Coluna Sorrindo o Leite Derramado

A professora Marina começou a frequentar meu consultório no mês passado. Está de licença do trabalho por tempo indeterminado, para tratar de ansiedade generalizada e crise de pânico. A pobre senhora surtou na escola e foi afastada por seu psiquiatra. Está tomando uma dose generosa de antidepressivos e remédios para dormir.

A Mestra me procurou porque sonha com o Jairzinho todas as noites e não consegue mais dormir. Seu psiquiatra dobrou a medicação e insistiu que a paciente me procurasse. Ela tinha muita resistência em fazer terapia, o que é engraçado, porque, como diretora da escola estadual Gen. Emílio, ela sempre incentivou os alunos a procurarem psicólogos e psiquiatras! Bastava o aluno sair um pouco do dito “normal”…

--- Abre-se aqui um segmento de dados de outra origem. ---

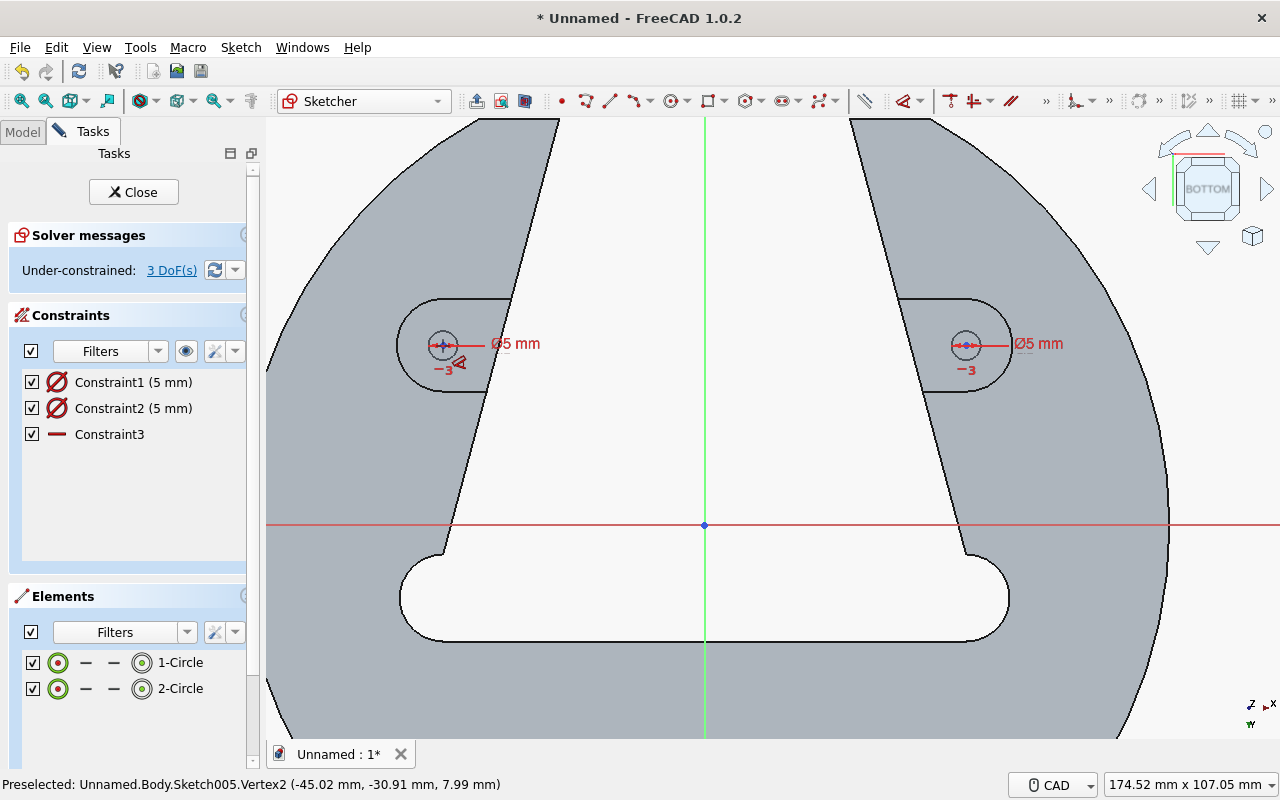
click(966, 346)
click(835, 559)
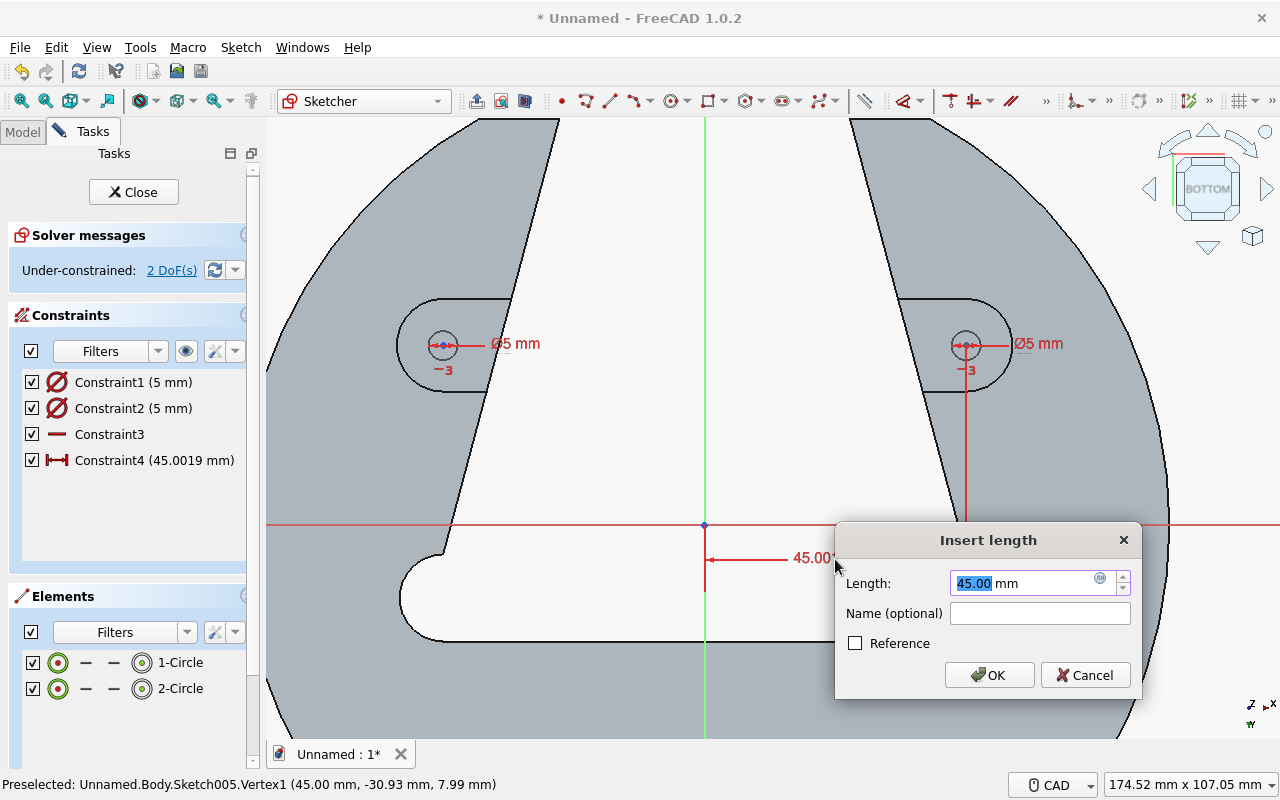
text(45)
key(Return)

Sua primeira sessão foi muito interessante:

– Bom dia, professora Marina! Fique à vontade e me conte, o que a está afligindo?

-Ah, doutor! Meus pesadelos! Não consigo mais dormir! O Jairzinho me persegue até em sonhos! Maldito guri!

– Me conte, professora, quem é Jairzinho?

– É um aluno da nossa escola, A Escola Estadual General Emílio Garrastazu Médici, onde eu sou diretora desde 2015…

– Que tal se a senhora me contar desde o início?

-Ai doutor! Não gosto nem de lembrar daquele capetinha! Mas eu entendo que o senhor precisa saber de tudo, né?

-Bem, a senhora deve se sentir à vontade em meu consultório, mas se eu não souber do contexto, como vou poder ajudá-la a entender o que se passa?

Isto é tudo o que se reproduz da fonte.